The results from the Gemini 2.0 Flash website don't match the API results for same thing

The model and parameters are identical to those on the official website.

Hi @yang_fa, Welcome to the forum!!

Are you using Google AI Studio?? Can you please provide any example screenshot to understand the situation better.

Thanks

yes, I’m using Gemini 2.0 flash.
An example is here:


prompt:

Instruction:
Given the coordinates of text boxes in an image, determine whether adjacent boxes belong to the same paragraph by considering both visual and semantic information. Follow these steps:
Analyze Visual Position:
Note that vertical stacking alone does not imply the same paragraph. The visual layout must "look like a paragraph" based on typical paragraph formatting conventions.
The ID of each box is located on the left side of the box.

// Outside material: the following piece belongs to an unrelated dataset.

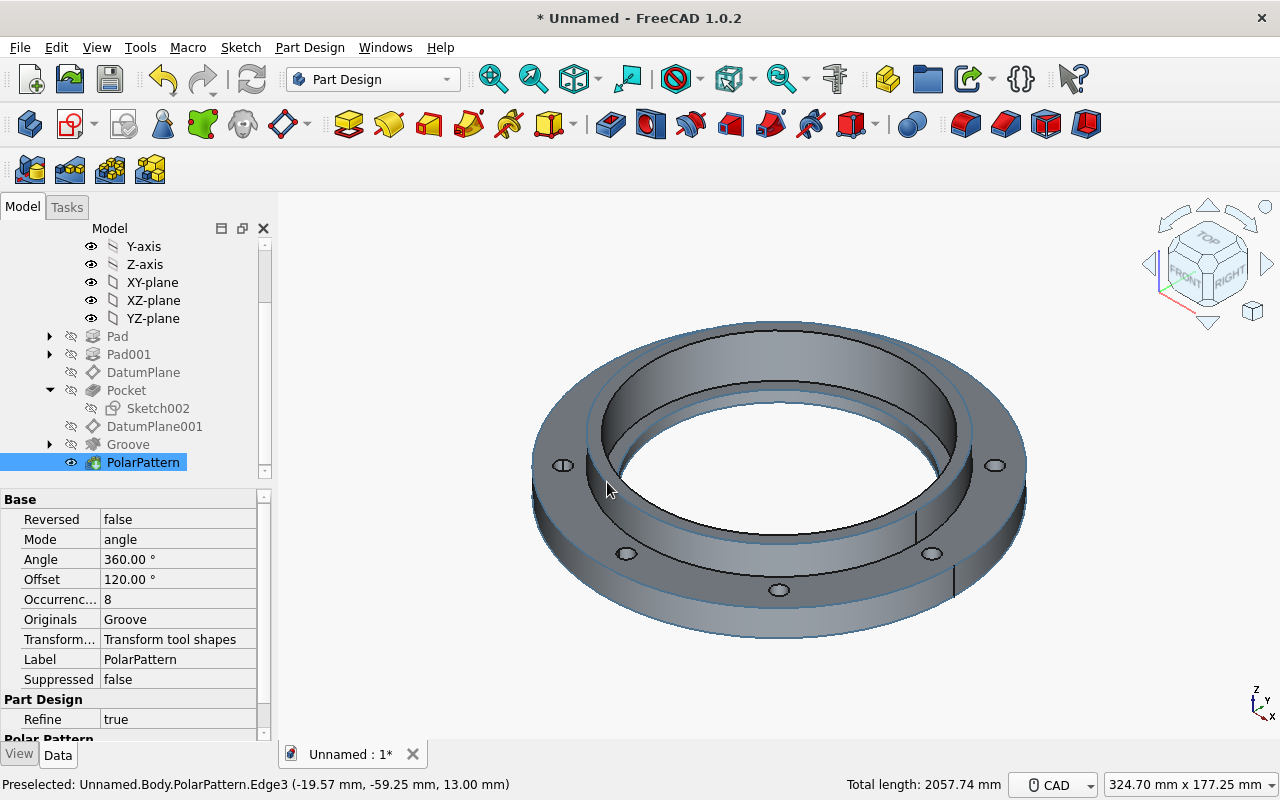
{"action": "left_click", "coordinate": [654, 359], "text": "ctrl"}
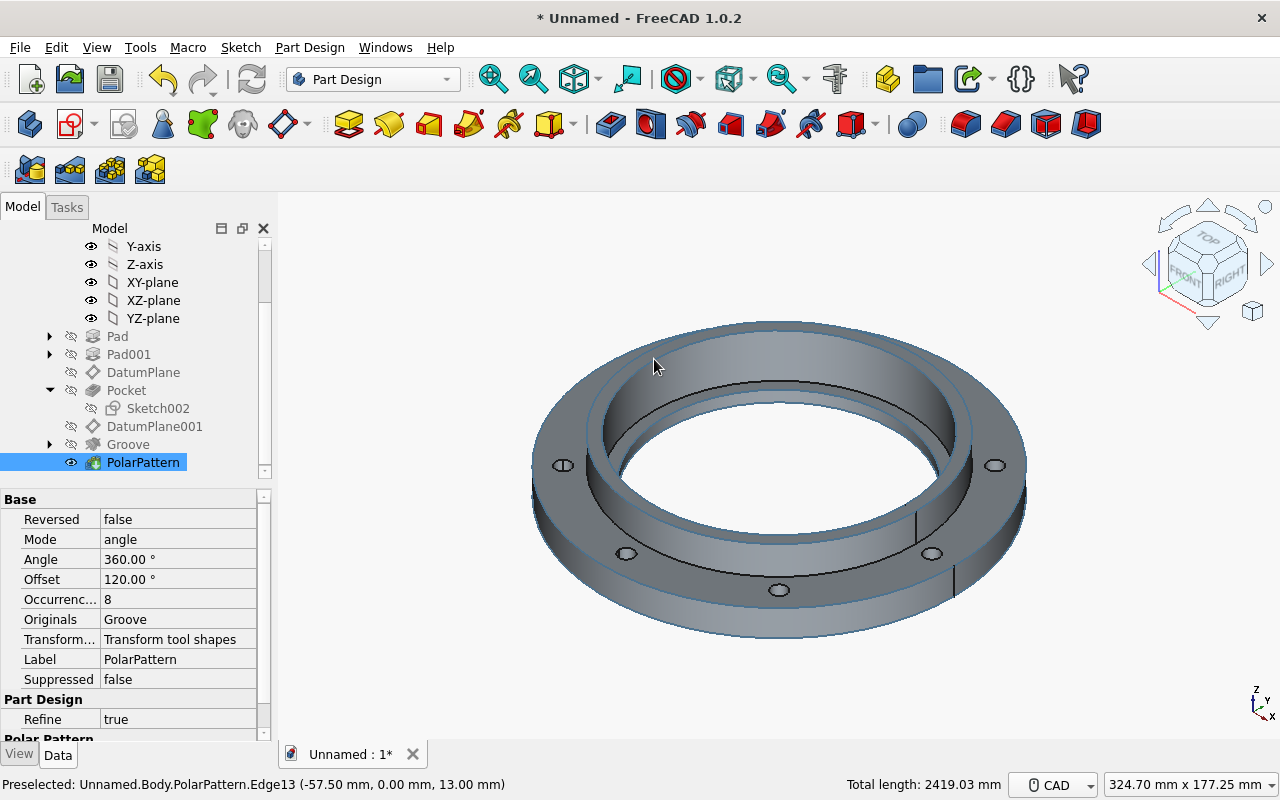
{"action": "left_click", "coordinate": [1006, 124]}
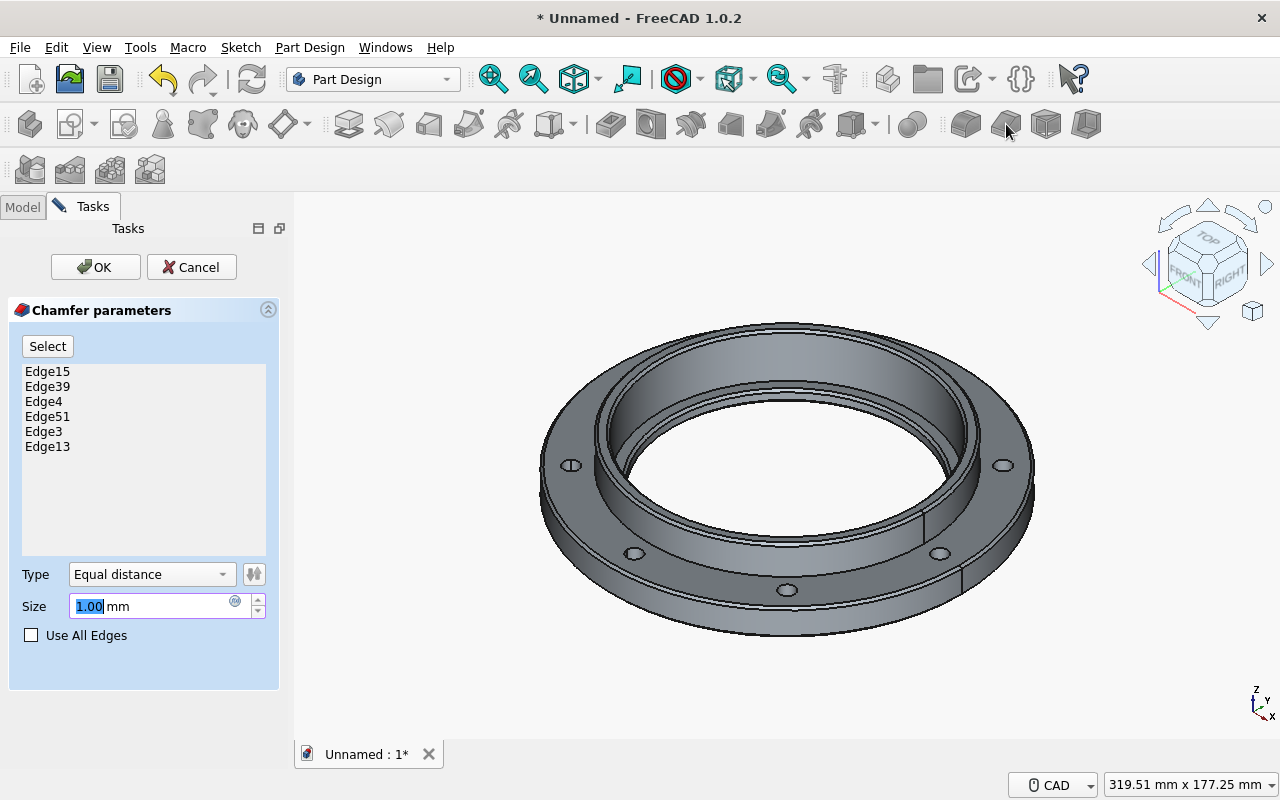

Evaluate Text Semantic Content:
Check if the text in adjacent boxes is logically coherent (e.g., continuation of the same sentence, same theme, or related context).
Look for punctuation marks (e.g., periods, commas) that might indicate sentence boundaries.
Ensure that the text forms a fluent paragraph with appropriate connecting words.
Remember that content relevance does not necessarily mean they belong to the same paragraph in semantics.
The text should not be treated as individual information units but as parts of a coherent paragraph.
[important!]The text should be treated as parts of a coherent paragraph, not as individual information units.
[important!]When assessing semantic coherence, try concatenating the text from adjacent boxes to see if it forms a fluent sentence or paragraph.
Combine Information:
Use both visual and semantic cues to decide if adjacent boxes belong to the same paragraph.
Boxes with aligned right edges and coherent text content are likely part of the same paragraph.
[important!]Even if boxes are vertically stacked and content-related, they may not belong to the same paragraph unless they visually "look like a paragraph" and form a coherent text.
Output Format:
Return the results exclusively in the format [[0], [1, 2], [3, 4, 5], ...], where each sublist contains the IDs of boxes belonging to the same paragraph.
Do not include any additional text, explanations, or content.
Ensure that all text boxes in the image are accounted for in the output.
Note:
Even if boxes are visually stacked and contain similar content, they should not be considered part of the same paragraph if there is no logical connection between them.
A paragraph should have a fluent flow of sentences and connecting words, not just individual pieces of information.
You should not overly focus on textual coherence and neglect visual formatting cues.
Consider all text boxes in the image and ensure none are omitted from the output.
[important!]Special attention should be given to author names and affiliations: even if they are visually close, they should be treated as separate paragraphs due to their typical similar formatting (font, size, etc.) and semantic independence.
[important!]Special attention should be given to author names: even if they are visually close, they should be treated as separate paragraphs due to their typical similar formatting (font, size, etc.) and semantic independence.
[important!]Do not rely overly on thematic relevance; instead, consider semantic coherence and visual continuity.
Please group title texts together. Titles are typically characterized by larger font sizes, bold formatting, and text that summarizes the main content of a document or section.
Example:
Example 1:
Input: Two adjacent boxes with text "John Doe" and "ABC Corporation".
Output: [[0], [1]]
Explanation: Even though the boxes are adjacent and contain related content (a name and an institution), they do not form a coherent paragraph and should be treated as separate.
Example 2:
Input: Two adjacent boxes with text "Yuan Liu1,2āˆ— Cheng Lin2āˆ— Zijiao Zeng2 Xiaoxiao Long1† Lingjie Liu3" and "Taku Komura1 Wenping Wang4".
Output: [[0], [1]]
Explanation: Even though the boxes are adjacent and contain related content (name), they do not form a coherent paragraph and should be treated as separate.

The output of the Google AI studio is completely correct. But the output from API is: [[0], [1, 2, 3, 4, 5, 6], [7, 8, 9, 10, 11], [12, 13, 14], [15, 16, 17, 18], [19, 20, 21, 22, 23], [24, 25, 26], [27]]

1 Like

Hey @yang_fa, Let me get back to you on this.

2 Likes

Hello, any news on this? I’m also getting very different results on API vs Google Studio for the same exact instructions, tools, and parameters.